Iraqis often have several side discussions taking place during a meeting. They may interrupt the speaker if they have something to add. They can be loud and forceful in getting their point of view across.
Meeting and Greeting
Iraqi business people are relatively formal in their business dealings.
The common Arabic greeting is "asalaamu alaikum" (peace be with you), to which you should respond "wa alaikum salaam" (and peace be with you).
The most common business greeting is the handshake with direct eye contact.
Handshakes can be rather prolonged; try not to be the first person to remove your hand.
Men should wait to see if a woman extends her hand.
Business cards are given out.
It’s a nice touch to have one side of your card translated into Arabic

Gift Giving
If you are invited to an Iraqi’s home, bring a box of cookies, pastries or a box of chocolates. A fruit basket is also appreciated.
Flowers are being given more and more but only to a hostess.
If a man must give a gift to a woman, he should say that it is from his wife, mother, sister, or some other female relation.
A small gift for the children is always a good touch.
Gifts are given with two hands.
Gifts are generally not opened when received.

Global perspective vs country perspective
Government: parliamentary democracy
Local cuisine
Iraqi cuisine or Mesopotamian cuisine has a long history going back some 10,000 years – to the Sumerians, Babylonians, Assyrians, and Ancient Persians. Ancient Iraq recipes prepared in the temples during religious festivals – the first cookbooks in the world. Ancient Iraq, or Mesopotamia, was home to a sophisticated and highly advanced civilization, in all fields of knowledge, including the culinary arts. However, it was in the Islamic Golden Age when Baghdad was the capital of the Abbasid Caliphate (750–1258) that the Iraqi kitchen reached its zenith. Today, the cuisine of Iraq reflects this rich inheritance as well as strong influences from the culinary traditions of neighboring Persia, Turkey and the Syria region area.

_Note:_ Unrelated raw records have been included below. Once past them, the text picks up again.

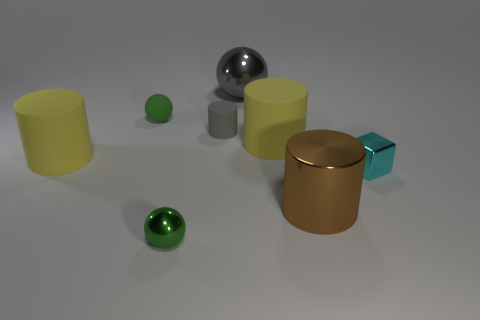Is the number of tiny spheres behind the tiny matte cylinder the same as the number of large rubber cylinders?
Offer a very short reply. No. Are there any other things that have the same material as the small cube?
Give a very brief answer. Yes. Is the color of the metallic ball that is on the right side of the tiny gray matte object the same as the tiny ball behind the large brown metal object?
Offer a terse response. No. What number of shiny objects are both left of the cyan thing and to the right of the gray shiny sphere?
Give a very brief answer. 1. How many other objects are there of the same shape as the small cyan shiny thing?
Your answer should be very brief. 0. Are there more rubber objects on the left side of the large ball than big gray metal things?
Make the answer very short. Yes. The shiny ball in front of the big gray metal object is what color?
Your answer should be very brief. Green. The thing that is the same color as the small cylinder is what size?
Make the answer very short. Large. What number of rubber things are small cyan things or yellow objects?
Provide a short and direct response. 2. There is a yellow object right of the thing behind the green rubber object; is there a large metallic cylinder to the left of it?
Your response must be concise. No.

Meals begin with appetizers and salads – known as Mezza. Some dishes include Kebab (often marinated with garlic, lemon and spices, then grilled), Gauss (grilled meat sandwich wrap, similar to Döner kebab), Bamieh (lamb, okra and tomato stew), Quzi (lamb with rice, almonds, raisins and spices), Falafel (fried chickpea patties served with amba and salad in pita), Kubbah (minced meat ground with bulghur wheat or rice and spices), Masgûf (grilled fish with pepper and tamarind), and Maqluba (a rice, lamb, tomato and aubergine dish). Stuffed vegetable dishes such as Dolma and Mahshi are also popular.

Chickpea pattie
Agriculture - products: wheat, barley, rice, vegetables, dates, cotton; cattle, sheep, poultry
Traditional products
It estimated in 2003 that Iraq had 112 billion barrels (17.8×109 m3). The United States Geological Survey in 1995 estimated proven reserves were 78 Gbbl (12.4×109 m3). Iraq may prove to contain the largest extractable deposits of oil in the entire Middle East once these upgrading and facility improvements have advanced.
Iraq has the world's second largest proven oil reserves. According to oil industry experts, new exploration will probably raise Iraq's reserves to 200+ billion barrels of high-grade crude, extraordinarily cheap to produce. The four giant firms located in the US and the UK have been keen to get back into Iraq, from which they were excluded with the nationalization of 1972. During the final years of the Saddam era, they envied companies from France, Russia, China, and elsewhere, who had obtained major contracts. But UN sanctions (kept in place by the US and the UK) kept those contracts inoperable.

The Iraqi constitution of 2005, greatly influenced by US advisers, contains language that guarantees a major role for foreign companies. Negotiators hope soon to complete deals on Production Sharing Agreements that will give the companies control over dozens of fields, including the fabled super-giant Majnoon. But first the Parliament must pass a new oil sector investment law allowing foreign companies to assume a major role in the country. The US has threatened to withhold funding as well as financial and military support if the law does not soon pass. Although the Iraqi cabinet endorsed the draft law in July 2007, Parliament has balked at the legislation. Most Iraqis favor continued control by a national company and the powerful oil workers union strongly opposes de-nationalization. Iraq's political future is very much in flux, but oil remains the central feature of the political landscape.

The world's leading oil companies have been expanding Iraq's giant southern fields - Rumaila led by BP, West Qurna-1 run by Exxon and Zubair operated by Eni - since 2010 when they signed a series of service contracts with Baghdad.
Canada would face some encounters when trading with Iraq, due to the fact that U.S.A has had war with Iraq for many of years. This impacts us because we have very close ties with U.S.A and if war does happen we will participate and be on U.S.A side. Also from the foreign affairs it says Foreign Affairs, Trade and Development Canada advises against non-essential travel to Iraq due to the dangerous and unpredictable security situation.

If you choose to travel to Iraq despite this warning, ensure that you are accompanied by professional security escorts at all times and carefully review your security arrangements on a regular basis. The Government of Canada’s ability to provide consular assistance in all parts of Iraq is severely limited.